Exercise details: Starting at the first line of the records below, reproduce every line up to and including the line with "Find all instances", but leave out all pictures.

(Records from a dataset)
++++++

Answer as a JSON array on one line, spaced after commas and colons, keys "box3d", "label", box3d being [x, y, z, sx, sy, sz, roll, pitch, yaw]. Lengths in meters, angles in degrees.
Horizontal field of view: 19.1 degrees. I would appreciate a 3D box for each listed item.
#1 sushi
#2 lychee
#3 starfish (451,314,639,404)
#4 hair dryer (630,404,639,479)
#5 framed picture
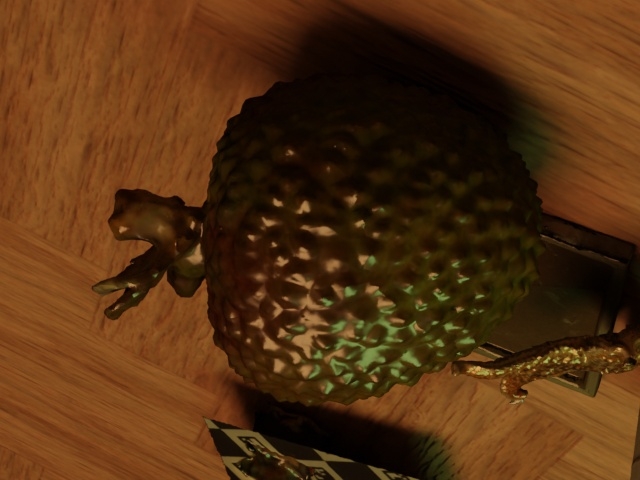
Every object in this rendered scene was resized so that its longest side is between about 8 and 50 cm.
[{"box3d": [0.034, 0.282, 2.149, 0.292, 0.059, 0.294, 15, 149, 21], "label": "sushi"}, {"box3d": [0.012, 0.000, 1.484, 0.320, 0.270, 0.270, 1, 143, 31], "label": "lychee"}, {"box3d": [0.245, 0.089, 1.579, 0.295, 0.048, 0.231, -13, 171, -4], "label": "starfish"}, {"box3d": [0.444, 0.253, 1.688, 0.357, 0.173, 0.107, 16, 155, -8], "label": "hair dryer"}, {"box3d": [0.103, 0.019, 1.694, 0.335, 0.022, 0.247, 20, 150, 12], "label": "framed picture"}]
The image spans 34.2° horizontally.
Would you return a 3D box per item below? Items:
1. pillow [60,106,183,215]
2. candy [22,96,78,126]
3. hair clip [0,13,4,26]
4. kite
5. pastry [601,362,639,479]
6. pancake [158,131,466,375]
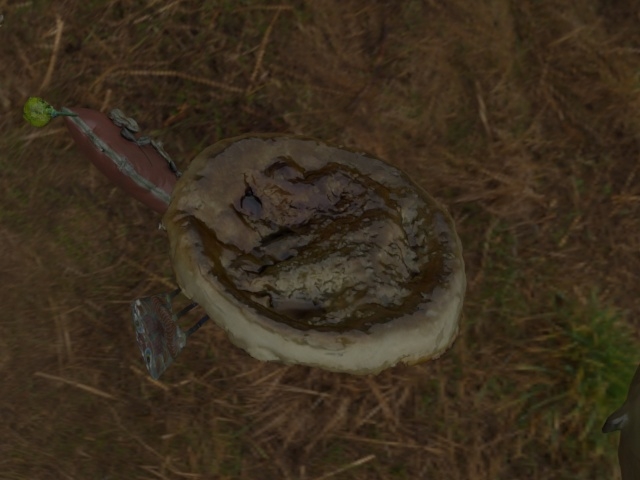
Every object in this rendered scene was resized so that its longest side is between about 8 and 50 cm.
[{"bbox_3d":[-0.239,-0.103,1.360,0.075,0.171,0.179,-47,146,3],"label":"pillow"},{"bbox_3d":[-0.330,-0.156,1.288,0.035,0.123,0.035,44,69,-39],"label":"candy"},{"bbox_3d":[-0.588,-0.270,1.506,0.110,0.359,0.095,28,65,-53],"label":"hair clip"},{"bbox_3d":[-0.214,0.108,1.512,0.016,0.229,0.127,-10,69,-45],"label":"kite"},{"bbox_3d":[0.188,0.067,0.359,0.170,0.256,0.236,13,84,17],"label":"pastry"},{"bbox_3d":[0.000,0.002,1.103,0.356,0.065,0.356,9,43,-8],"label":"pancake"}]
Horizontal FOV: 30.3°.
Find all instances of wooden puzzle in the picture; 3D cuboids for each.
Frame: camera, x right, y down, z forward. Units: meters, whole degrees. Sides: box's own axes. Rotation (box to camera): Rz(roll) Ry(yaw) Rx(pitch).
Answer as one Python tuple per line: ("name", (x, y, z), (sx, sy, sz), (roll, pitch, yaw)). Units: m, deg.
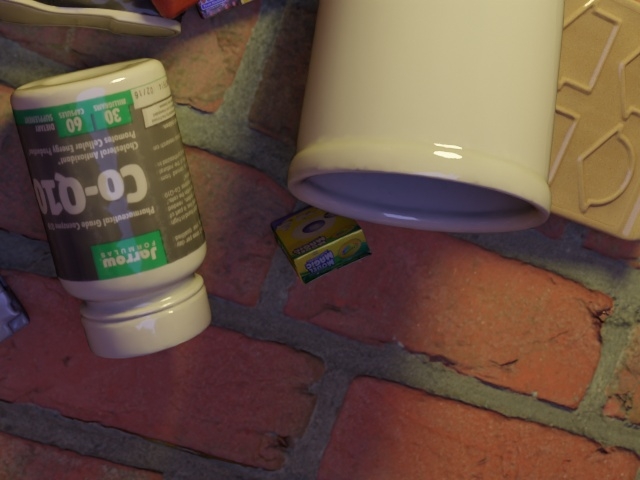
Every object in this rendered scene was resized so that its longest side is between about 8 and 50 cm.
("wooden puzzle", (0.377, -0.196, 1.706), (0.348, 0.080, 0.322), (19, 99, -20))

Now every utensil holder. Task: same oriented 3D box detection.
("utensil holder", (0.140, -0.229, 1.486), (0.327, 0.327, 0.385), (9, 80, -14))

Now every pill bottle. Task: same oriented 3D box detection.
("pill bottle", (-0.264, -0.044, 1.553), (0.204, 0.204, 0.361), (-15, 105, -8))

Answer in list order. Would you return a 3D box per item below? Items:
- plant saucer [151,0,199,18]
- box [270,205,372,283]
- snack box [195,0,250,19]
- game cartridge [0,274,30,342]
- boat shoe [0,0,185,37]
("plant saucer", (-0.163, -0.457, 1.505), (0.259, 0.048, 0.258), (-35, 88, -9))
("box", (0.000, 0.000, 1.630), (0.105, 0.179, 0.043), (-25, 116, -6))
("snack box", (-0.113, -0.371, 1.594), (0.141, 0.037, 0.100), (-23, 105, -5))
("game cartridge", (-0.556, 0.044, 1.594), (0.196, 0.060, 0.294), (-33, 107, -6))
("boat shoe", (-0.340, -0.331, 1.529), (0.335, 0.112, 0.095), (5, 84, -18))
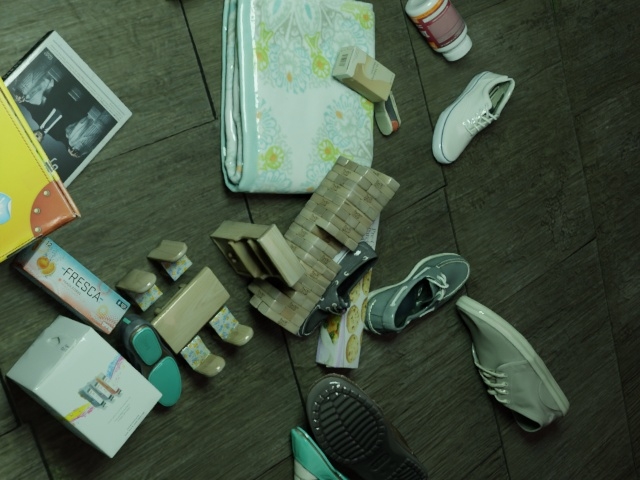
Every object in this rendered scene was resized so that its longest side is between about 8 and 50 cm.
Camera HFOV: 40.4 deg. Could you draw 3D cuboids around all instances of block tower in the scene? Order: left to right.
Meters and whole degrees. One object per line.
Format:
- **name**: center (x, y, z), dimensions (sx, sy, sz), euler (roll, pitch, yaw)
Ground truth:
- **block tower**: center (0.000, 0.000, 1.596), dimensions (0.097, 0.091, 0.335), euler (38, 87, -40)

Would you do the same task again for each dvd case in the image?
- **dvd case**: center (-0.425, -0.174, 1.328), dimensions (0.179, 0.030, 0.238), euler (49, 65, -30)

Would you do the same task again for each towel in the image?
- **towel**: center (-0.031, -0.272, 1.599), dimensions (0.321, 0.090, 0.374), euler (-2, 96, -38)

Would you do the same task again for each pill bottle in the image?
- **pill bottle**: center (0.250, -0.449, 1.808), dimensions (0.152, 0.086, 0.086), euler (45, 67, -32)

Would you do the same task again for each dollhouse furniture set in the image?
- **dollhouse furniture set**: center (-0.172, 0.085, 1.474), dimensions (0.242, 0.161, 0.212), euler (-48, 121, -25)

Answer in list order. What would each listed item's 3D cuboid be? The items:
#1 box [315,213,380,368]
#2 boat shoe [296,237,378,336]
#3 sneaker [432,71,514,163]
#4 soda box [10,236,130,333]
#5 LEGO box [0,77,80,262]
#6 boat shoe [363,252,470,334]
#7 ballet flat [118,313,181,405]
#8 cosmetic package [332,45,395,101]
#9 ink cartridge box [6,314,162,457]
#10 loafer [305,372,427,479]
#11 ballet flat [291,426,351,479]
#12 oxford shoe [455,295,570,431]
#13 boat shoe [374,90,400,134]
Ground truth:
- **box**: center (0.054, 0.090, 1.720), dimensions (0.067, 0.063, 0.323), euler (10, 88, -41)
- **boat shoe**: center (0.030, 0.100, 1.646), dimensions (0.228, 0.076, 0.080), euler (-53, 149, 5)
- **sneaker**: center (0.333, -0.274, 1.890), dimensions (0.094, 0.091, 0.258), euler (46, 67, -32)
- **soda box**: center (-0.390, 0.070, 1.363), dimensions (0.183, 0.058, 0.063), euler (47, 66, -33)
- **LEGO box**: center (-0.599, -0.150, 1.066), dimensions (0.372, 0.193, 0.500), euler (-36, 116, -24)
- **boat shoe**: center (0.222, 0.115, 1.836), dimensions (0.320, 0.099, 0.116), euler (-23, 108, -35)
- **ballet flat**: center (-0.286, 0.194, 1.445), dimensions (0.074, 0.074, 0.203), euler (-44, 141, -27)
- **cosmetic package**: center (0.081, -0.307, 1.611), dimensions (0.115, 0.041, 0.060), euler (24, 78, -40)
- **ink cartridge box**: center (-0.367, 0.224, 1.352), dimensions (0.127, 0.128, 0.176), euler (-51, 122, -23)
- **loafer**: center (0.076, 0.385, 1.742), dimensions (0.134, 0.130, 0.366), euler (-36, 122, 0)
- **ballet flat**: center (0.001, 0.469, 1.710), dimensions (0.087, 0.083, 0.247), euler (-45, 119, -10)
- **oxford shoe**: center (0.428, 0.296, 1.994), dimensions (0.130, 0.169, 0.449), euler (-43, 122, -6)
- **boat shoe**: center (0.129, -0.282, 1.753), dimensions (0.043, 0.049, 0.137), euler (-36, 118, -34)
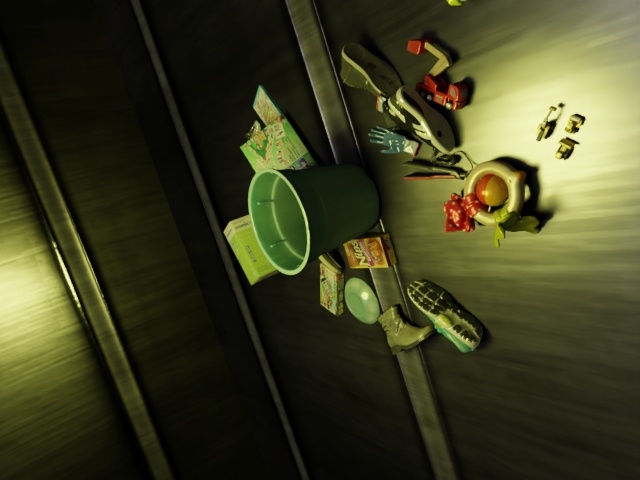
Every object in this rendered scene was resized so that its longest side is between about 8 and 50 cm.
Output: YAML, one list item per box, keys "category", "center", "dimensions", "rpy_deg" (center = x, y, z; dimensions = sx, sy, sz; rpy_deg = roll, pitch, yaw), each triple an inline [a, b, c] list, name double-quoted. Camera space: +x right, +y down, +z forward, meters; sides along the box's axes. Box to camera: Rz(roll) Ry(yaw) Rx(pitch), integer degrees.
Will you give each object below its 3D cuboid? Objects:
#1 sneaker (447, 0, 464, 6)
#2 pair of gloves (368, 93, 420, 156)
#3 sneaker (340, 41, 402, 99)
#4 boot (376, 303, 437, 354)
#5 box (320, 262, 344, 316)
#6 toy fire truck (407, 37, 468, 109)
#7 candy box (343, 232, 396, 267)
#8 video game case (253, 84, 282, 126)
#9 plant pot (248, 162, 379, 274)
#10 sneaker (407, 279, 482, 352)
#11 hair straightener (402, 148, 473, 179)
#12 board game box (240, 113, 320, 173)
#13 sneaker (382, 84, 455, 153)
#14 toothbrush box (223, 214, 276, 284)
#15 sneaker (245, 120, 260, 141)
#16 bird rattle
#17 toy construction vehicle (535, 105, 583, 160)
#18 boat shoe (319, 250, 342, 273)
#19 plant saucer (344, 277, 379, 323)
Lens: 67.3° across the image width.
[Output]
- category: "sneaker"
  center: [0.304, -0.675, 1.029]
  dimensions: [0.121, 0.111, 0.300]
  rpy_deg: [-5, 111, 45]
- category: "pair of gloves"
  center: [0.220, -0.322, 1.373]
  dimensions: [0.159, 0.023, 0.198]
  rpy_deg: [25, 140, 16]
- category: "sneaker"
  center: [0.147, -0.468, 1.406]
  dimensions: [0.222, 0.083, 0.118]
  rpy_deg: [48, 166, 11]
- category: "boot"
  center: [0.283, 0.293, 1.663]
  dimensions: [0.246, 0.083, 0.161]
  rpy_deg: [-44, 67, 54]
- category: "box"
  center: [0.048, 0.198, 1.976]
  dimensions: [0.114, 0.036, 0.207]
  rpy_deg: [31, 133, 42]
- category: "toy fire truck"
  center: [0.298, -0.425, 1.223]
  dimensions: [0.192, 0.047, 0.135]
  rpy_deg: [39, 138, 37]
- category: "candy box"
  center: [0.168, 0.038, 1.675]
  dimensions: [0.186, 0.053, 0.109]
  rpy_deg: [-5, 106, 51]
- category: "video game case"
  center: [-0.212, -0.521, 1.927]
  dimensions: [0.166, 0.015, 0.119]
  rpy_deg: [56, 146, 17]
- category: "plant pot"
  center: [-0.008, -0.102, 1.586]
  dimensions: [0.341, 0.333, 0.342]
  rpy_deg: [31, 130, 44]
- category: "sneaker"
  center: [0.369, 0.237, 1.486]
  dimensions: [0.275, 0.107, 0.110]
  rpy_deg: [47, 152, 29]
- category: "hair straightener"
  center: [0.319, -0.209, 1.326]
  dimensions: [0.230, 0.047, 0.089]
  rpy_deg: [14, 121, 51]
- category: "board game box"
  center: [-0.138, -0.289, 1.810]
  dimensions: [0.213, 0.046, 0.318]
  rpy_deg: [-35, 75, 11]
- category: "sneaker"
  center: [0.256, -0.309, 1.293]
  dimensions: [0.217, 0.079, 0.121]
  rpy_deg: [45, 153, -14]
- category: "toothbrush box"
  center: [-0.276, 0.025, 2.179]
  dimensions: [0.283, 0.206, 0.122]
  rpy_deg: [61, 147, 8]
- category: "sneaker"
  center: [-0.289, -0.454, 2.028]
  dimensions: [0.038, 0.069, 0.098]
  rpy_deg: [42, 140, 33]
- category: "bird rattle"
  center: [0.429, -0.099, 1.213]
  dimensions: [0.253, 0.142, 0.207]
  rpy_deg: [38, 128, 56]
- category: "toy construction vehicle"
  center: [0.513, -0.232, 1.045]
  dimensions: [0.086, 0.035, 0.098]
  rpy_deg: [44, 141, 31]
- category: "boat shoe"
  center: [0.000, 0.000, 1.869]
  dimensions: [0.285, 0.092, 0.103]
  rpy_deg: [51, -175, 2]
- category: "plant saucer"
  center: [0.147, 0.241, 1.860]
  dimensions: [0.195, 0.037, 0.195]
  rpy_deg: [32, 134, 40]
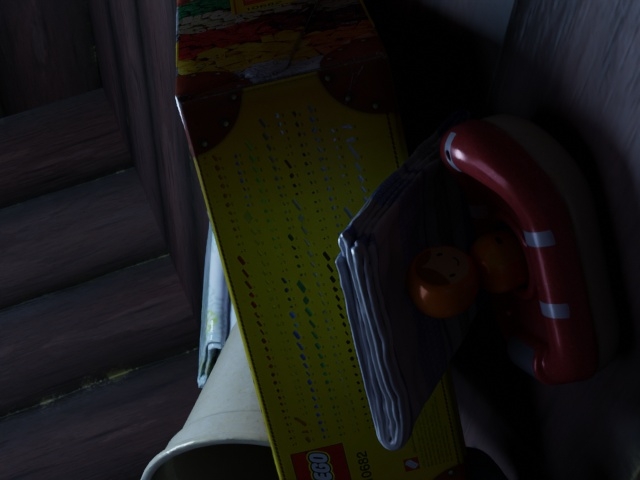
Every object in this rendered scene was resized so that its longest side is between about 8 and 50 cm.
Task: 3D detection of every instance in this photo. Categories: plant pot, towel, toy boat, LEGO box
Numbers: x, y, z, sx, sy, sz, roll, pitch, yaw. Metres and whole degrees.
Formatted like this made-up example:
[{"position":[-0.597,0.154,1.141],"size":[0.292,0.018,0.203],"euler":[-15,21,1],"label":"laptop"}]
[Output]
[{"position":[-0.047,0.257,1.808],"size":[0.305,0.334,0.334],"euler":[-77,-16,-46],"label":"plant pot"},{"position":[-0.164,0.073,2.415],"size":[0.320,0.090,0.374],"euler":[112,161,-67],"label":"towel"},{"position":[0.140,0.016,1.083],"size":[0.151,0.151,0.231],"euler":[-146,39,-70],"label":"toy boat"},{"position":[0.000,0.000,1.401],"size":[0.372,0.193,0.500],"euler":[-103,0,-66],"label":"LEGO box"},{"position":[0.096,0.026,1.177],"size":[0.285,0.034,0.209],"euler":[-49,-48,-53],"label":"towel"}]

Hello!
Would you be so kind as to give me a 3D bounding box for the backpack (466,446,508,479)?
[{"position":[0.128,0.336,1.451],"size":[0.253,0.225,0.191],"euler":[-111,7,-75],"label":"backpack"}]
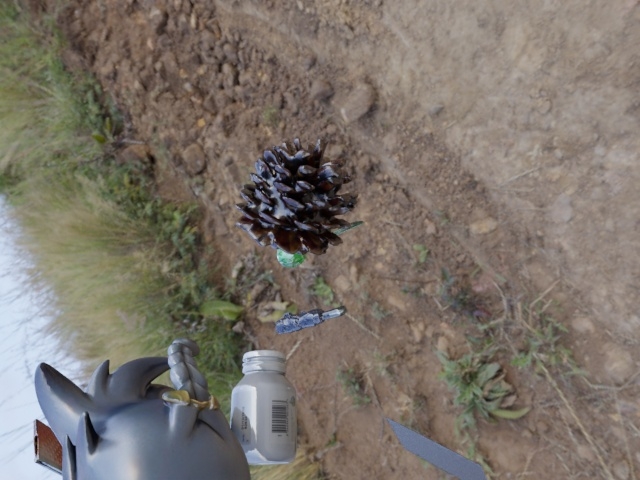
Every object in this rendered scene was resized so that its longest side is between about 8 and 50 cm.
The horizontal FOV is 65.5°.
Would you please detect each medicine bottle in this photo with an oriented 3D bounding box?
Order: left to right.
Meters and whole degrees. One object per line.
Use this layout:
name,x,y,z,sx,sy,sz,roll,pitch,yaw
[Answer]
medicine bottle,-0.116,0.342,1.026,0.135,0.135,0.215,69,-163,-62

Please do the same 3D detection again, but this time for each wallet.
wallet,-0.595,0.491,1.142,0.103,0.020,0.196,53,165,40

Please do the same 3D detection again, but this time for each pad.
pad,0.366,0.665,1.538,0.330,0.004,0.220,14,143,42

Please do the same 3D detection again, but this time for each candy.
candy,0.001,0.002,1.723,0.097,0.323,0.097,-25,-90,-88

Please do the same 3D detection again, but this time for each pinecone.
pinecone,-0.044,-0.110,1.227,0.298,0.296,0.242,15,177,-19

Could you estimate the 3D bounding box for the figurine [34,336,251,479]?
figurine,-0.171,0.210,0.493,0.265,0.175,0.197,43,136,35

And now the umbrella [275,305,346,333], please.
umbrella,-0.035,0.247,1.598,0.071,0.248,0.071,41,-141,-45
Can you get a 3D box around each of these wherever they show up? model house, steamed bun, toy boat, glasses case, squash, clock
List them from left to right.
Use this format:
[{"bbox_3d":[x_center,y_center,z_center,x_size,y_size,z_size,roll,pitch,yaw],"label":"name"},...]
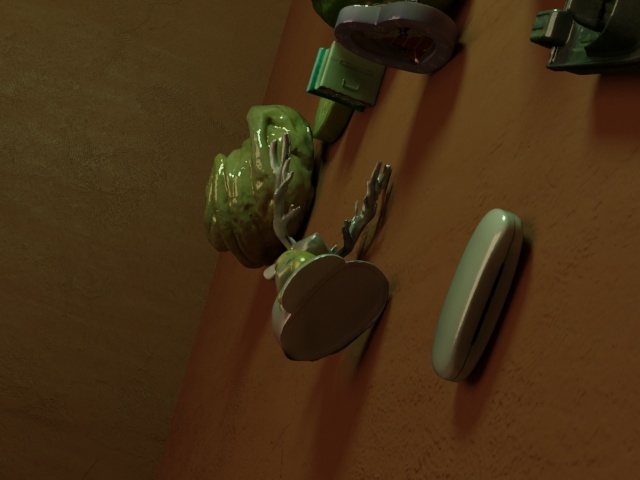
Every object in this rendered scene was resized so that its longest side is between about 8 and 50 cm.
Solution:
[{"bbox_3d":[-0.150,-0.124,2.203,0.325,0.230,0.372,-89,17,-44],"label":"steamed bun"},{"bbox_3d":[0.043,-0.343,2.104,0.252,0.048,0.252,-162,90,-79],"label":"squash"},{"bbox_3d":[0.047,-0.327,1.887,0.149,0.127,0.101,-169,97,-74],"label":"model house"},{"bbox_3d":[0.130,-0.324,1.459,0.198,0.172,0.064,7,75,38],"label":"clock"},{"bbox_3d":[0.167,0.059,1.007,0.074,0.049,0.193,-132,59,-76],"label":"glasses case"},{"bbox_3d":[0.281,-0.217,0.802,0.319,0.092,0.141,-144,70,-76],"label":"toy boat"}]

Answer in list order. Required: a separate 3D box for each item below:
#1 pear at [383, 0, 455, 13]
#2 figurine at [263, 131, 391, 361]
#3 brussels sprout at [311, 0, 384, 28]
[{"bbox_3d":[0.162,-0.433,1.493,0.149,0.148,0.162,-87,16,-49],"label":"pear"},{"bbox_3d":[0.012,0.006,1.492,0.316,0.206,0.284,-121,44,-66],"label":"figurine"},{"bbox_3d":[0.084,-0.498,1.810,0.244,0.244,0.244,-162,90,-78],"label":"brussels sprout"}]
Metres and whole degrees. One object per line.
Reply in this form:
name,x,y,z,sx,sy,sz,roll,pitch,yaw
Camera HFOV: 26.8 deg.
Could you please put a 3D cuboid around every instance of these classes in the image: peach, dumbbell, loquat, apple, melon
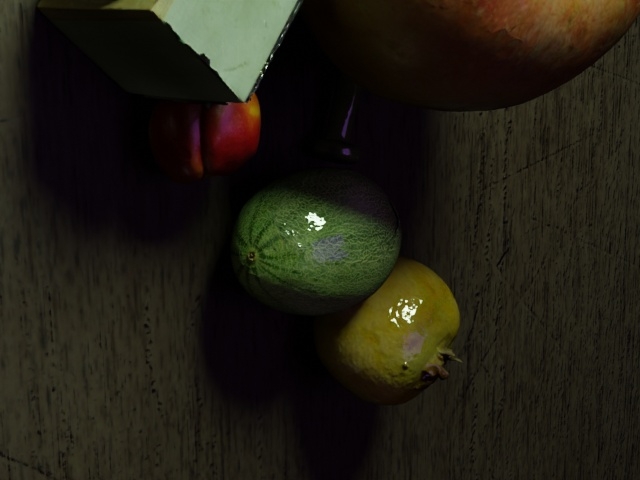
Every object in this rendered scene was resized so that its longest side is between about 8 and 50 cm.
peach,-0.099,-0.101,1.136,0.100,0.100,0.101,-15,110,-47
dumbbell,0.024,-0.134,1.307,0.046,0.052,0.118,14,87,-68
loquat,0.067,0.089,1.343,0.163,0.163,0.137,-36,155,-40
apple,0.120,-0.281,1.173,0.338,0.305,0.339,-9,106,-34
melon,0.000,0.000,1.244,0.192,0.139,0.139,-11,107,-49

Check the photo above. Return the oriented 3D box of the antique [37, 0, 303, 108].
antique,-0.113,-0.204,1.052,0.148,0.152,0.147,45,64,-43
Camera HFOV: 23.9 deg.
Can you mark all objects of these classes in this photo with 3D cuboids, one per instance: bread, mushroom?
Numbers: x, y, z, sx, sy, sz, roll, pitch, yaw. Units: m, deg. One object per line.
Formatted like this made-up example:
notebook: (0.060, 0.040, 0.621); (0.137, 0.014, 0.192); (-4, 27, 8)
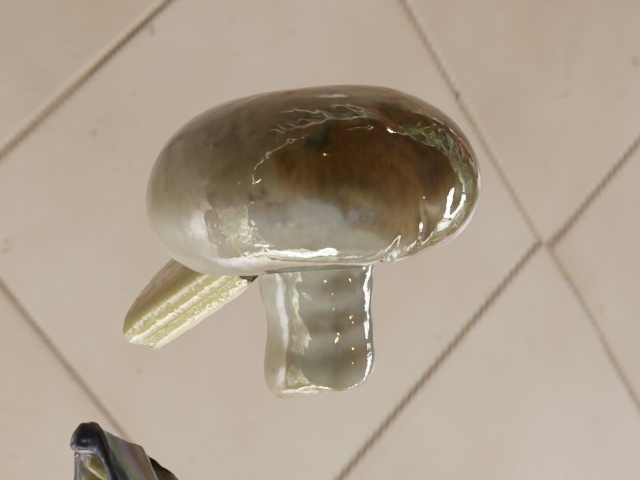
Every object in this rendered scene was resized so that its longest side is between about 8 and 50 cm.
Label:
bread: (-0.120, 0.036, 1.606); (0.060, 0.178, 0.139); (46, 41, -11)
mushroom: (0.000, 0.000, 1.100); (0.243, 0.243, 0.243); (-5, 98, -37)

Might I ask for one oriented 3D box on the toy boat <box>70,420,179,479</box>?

++++++

Answer for the task:
Answer as a JSON array on one line, spaced after commas and colons, keys "box3d", "label", box3d being [x, y, z, sx, sy, sz, roll, pitch, yaw]. Lengths in meters, angles in degrees.
Horizontal field of view: 19.1 degrees. I would appreciate a 3D box for each listed item.
#1 sushi
#2 lychee
#3 starfish (451,314,639,404)
#4 hair dryer (630,404,639,479)
#5 framed picture
Every object in this rendered scene was resized so that its longest side is between about 8 and 50 cm.
[{"box3d": [0.034, 0.282, 2.149, 0.292, 0.059, 0.294, 15, 149, 21], "label": "sushi"}, {"box3d": [0.012, 0.000, 1.484, 0.320, 0.270, 0.270, 1, 143, 31], "label": "lychee"}, {"box3d": [0.245, 0.089, 1.579, 0.295, 0.048, 0.231, -13, 171, -4], "label": "starfish"}, {"box3d": [0.444, 0.253, 1.688, 0.357, 0.173, 0.107, 16, 155, -8], "label": "hair dryer"}, {"box3d": [0.103, 0.019, 1.694, 0.335, 0.022, 0.247, 20, 150, 12], "label": "framed picture"}]
The image spans 34.2° horizontally.
Would you return a 3D box per item below? Items:
1. pillow [60,106,183,215]
2. candy [22,96,78,126]
3. hair clip [0,13,4,26]
4. kite
5. pastry [601,362,639,479]
6. pancake [158,131,466,375]
Every object in this rendered scene was resized so that its longest side is between about 8 and 50 cm.
[{"bbox_3d":[-0.239,-0.103,1.360,0.075,0.171,0.179,-47,146,3],"label":"pillow"},{"bbox_3d":[-0.330,-0.156,1.288,0.035,0.123,0.035,44,69,-39],"label":"candy"},{"bbox_3d":[-0.588,-0.270,1.506,0.110,0.359,0.095,28,65,-53],"label":"hair clip"},{"bbox_3d":[-0.214,0.108,1.512,0.016,0.229,0.127,-10,69,-45],"label":"kite"},{"bbox_3d":[0.188,0.067,0.359,0.170,0.256,0.236,13,84,17],"label":"pastry"},{"bbox_3d":[0.000,0.002,1.103,0.356,0.065,0.356,9,43,-8],"label":"pancake"}]
Horizontal FOV: 30.3°.
Find all instances of wooden puzzle in the picture; 3D cuboids for each.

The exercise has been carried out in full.